Input material
- - -

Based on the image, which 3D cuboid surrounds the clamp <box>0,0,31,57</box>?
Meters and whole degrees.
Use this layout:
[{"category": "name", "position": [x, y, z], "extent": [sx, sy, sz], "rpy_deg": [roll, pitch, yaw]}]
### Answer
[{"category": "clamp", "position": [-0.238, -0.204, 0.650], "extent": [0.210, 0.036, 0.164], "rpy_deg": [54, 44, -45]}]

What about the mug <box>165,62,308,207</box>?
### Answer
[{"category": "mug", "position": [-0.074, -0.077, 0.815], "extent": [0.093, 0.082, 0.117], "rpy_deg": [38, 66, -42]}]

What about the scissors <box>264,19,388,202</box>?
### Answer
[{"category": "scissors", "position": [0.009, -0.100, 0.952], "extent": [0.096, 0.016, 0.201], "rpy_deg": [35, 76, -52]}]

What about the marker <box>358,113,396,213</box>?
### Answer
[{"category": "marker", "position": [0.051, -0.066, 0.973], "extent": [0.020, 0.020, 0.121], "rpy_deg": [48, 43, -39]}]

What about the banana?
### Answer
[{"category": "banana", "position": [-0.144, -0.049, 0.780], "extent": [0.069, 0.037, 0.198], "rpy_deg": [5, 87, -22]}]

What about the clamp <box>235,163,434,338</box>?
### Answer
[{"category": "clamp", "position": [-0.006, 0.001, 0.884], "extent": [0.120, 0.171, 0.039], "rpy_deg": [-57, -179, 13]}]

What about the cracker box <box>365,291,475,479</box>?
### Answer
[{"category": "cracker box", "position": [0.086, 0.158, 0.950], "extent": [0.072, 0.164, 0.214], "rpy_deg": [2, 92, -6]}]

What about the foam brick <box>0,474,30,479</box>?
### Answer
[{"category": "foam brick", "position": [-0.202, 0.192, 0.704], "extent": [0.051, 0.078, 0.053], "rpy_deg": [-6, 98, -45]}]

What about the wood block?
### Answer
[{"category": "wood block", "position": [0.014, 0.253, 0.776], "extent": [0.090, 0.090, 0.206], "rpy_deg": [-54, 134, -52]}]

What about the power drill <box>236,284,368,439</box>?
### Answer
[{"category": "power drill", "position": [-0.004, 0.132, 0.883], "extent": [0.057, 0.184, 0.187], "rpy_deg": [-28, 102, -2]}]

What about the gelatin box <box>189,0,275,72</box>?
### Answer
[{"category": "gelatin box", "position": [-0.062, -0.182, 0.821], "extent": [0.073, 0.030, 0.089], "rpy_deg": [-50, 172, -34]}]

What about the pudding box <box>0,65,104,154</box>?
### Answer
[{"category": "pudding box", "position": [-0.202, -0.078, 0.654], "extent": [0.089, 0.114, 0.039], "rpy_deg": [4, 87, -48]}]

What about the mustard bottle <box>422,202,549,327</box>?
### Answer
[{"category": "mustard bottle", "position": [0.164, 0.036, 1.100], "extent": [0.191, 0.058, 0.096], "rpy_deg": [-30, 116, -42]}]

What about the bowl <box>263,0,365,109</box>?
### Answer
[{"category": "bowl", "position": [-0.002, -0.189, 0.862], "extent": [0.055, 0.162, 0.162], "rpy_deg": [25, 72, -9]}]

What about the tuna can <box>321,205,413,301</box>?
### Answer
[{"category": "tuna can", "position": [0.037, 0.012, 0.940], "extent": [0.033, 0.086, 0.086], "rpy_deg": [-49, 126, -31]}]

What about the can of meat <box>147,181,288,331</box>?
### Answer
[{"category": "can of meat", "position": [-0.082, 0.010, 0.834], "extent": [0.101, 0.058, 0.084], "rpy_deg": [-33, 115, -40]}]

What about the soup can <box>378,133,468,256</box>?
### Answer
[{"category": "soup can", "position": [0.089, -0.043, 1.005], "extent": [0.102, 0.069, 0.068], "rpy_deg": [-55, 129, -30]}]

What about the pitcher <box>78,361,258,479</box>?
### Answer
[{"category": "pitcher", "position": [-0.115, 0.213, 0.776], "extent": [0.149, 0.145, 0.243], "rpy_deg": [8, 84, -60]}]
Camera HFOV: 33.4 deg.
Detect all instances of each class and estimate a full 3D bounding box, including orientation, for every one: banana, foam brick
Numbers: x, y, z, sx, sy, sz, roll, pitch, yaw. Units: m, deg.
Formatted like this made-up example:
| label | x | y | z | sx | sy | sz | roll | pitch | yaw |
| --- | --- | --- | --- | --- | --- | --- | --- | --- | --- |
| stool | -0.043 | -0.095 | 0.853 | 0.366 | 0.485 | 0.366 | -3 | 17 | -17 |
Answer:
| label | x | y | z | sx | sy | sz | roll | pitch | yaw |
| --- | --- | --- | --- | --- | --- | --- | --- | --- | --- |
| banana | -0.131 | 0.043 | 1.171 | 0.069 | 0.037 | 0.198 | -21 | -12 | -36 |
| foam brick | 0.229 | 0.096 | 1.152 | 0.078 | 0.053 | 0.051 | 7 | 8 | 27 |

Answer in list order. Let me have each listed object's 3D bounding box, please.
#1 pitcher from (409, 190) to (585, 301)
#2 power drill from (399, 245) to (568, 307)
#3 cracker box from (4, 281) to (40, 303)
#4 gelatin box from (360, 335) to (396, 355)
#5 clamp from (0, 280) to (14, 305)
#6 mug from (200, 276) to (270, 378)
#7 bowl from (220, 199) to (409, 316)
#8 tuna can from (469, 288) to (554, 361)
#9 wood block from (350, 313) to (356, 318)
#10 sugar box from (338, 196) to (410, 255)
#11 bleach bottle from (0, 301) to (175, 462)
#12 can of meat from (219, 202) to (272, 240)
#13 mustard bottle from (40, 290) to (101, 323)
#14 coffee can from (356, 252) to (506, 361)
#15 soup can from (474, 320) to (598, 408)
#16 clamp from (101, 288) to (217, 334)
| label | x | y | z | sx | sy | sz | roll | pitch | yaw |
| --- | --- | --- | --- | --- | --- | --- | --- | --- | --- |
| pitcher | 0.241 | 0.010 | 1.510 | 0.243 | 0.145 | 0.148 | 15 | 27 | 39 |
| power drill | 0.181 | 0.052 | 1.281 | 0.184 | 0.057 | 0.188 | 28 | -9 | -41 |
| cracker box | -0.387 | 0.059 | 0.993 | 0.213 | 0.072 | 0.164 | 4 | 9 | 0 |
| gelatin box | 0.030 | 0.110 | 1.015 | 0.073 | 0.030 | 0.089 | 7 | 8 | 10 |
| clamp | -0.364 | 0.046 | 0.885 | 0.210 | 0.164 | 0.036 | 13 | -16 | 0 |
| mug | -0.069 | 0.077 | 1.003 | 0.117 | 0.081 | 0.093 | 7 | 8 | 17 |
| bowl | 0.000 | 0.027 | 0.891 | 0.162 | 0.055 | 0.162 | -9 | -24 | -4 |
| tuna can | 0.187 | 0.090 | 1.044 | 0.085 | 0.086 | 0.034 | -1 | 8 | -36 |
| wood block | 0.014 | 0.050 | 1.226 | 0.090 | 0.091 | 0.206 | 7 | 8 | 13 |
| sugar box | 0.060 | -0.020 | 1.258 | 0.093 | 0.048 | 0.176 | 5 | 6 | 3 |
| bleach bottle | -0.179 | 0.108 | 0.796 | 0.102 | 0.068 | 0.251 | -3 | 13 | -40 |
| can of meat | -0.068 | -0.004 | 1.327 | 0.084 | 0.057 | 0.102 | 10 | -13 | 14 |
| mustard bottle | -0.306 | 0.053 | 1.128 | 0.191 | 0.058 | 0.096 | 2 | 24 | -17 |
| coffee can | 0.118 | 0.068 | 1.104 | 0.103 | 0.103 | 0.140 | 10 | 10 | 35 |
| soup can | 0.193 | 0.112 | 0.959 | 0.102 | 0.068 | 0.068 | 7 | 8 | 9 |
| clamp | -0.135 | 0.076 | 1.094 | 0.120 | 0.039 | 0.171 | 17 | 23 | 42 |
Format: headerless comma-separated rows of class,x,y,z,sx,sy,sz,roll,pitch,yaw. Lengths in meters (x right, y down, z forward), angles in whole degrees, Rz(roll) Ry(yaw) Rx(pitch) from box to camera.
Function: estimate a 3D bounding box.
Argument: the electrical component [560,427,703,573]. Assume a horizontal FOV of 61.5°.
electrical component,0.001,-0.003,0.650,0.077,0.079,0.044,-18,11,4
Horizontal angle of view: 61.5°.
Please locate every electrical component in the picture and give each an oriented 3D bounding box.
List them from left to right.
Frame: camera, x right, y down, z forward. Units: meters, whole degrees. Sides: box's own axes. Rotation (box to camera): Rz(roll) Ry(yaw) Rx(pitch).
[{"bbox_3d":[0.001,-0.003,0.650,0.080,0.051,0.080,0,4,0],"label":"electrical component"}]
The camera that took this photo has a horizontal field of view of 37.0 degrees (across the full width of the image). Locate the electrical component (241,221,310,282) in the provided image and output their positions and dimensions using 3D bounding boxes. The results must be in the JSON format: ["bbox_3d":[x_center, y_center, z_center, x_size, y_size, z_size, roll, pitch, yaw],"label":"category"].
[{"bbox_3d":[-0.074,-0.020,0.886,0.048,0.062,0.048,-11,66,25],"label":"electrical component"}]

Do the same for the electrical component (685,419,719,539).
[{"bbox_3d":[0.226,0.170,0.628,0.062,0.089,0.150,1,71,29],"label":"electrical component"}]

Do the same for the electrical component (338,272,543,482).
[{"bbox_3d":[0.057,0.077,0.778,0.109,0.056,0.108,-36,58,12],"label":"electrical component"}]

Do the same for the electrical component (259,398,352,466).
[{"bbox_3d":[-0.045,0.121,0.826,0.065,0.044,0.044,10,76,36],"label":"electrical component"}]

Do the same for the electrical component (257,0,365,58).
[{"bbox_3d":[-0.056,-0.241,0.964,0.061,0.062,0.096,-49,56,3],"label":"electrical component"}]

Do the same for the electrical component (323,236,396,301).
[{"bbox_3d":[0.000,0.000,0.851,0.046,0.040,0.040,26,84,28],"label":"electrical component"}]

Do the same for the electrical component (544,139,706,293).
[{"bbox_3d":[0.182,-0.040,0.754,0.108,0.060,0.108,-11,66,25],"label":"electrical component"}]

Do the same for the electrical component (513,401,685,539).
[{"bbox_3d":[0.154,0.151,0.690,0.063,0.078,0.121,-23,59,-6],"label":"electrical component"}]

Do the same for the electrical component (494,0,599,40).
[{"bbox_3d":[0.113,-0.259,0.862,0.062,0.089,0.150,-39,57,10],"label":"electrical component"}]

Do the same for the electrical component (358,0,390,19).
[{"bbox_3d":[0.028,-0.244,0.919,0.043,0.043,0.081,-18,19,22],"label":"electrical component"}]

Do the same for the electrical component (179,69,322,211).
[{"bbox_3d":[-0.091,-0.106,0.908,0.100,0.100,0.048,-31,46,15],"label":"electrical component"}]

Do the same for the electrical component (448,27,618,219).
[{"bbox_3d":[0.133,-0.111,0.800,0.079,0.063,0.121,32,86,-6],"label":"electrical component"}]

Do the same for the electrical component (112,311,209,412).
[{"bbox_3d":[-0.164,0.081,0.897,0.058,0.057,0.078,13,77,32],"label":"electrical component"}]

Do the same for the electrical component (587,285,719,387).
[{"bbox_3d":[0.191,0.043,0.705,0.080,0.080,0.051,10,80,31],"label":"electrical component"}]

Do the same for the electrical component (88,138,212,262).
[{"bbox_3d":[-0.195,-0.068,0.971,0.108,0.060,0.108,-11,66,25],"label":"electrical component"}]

- - -

Taking the records above, retype every line from the one with "#9 wood block from (350, 313) to (356, 318)" down to the one with "List them from left to right.", exactly and with nothing else.

Exercise answer
#9 wood block from (350, 313) to (356, 318)
#10 sugar box from (338, 196) to (410, 255)
#11 bleach bottle from (0, 301) to (175, 462)
#12 can of meat from (219, 202) to (272, 240)
#13 mustard bottle from (40, 290) to (101, 323)
#14 coffee can from (356, 252) to (506, 361)
#15 soup can from (474, 320) to (598, 408)
#16 clamp from (101, 288) to (217, 334)
| label | x | y | z | sx | sy | sz | roll | pitch | yaw |
| --- | --- | --- | --- | --- | --- | --- | --- | --- | --- |
| pitcher | 0.241 | 0.010 | 1.510 | 0.243 | 0.145 | 0.148 | 15 | 27 | 39 |
| power drill | 0.181 | 0.052 | 1.281 | 0.184 | 0.057 | 0.188 | 28 | -9 | -41 |
| cracker box | -0.387 | 0.059 | 0.993 | 0.213 | 0.072 | 0.164 | 4 | 9 | 0 |
| gelatin box | 0.030 | 0.110 | 1.015 | 0.073 | 0.030 | 0.089 | 7 | 8 | 10 |
| clamp | -0.364 | 0.046 | 0.885 | 0.210 | 0.164 | 0.036 | 13 | -16 | 0 |
| mug | -0.069 | 0.077 | 1.003 | 0.117 | 0.081 | 0.093 | 7 | 8 | 17 |
| bowl | 0.000 | 0.027 | 0.891 | 0.162 | 0.055 | 0.162 | -9 | -24 | -4 |
| tuna can | 0.187 | 0.090 | 1.044 | 0.085 | 0.086 | 0.034 | -1 | 8 | -36 |
| wood block | 0.014 | 0.050 | 1.226 | 0.090 | 0.091 | 0.206 | 7 | 8 | 13 |
| sugar box | 0.060 | -0.020 | 1.258 | 0.093 | 0.048 | 0.176 | 5 | 6 | 3 |
| bleach bottle | -0.179 | 0.108 | 0.796 | 0.102 | 0.068 | 0.251 | -3 | 13 | -40 |
| can of meat | -0.068 | -0.004 | 1.327 | 0.084 | 0.057 | 0.102 | 10 | -13 | 14 |
| mustard bottle | -0.306 | 0.053 | 1.128 | 0.191 | 0.058 | 0.096 | 2 | 24 | -17 |
| coffee can | 0.118 | 0.068 | 1.104 | 0.103 | 0.103 | 0.140 | 10 | 10 | 35 |
| soup can | 0.193 | 0.112 | 0.959 | 0.102 | 0.068 | 0.068 | 7 | 8 | 9 |
| clamp | -0.135 | 0.076 | 1.094 | 0.120 | 0.039 | 0.171 | 17 | 23 | 42 |
Format: headerless comma-separated rows of class,x,y,z,sx,sy,sz,roll,pitch,yaw. Lengths in meters (x right, y down, z forward), angles in whole degrees, Rz(roll) Ry(yaw) Rx(pitch) from box to camera.
Function: estimate a 3D bounding box.
Argument: the electrical component [560,427,703,573]. Assume a horizontal FOV of 61.5°.
electrical component,0.001,-0.003,0.650,0.077,0.079,0.044,-18,11,4
Horizontal angle of view: 61.5°.
Please locate every electrical component in the picture and give each an oriented 3D bounding box.
List them from left to right.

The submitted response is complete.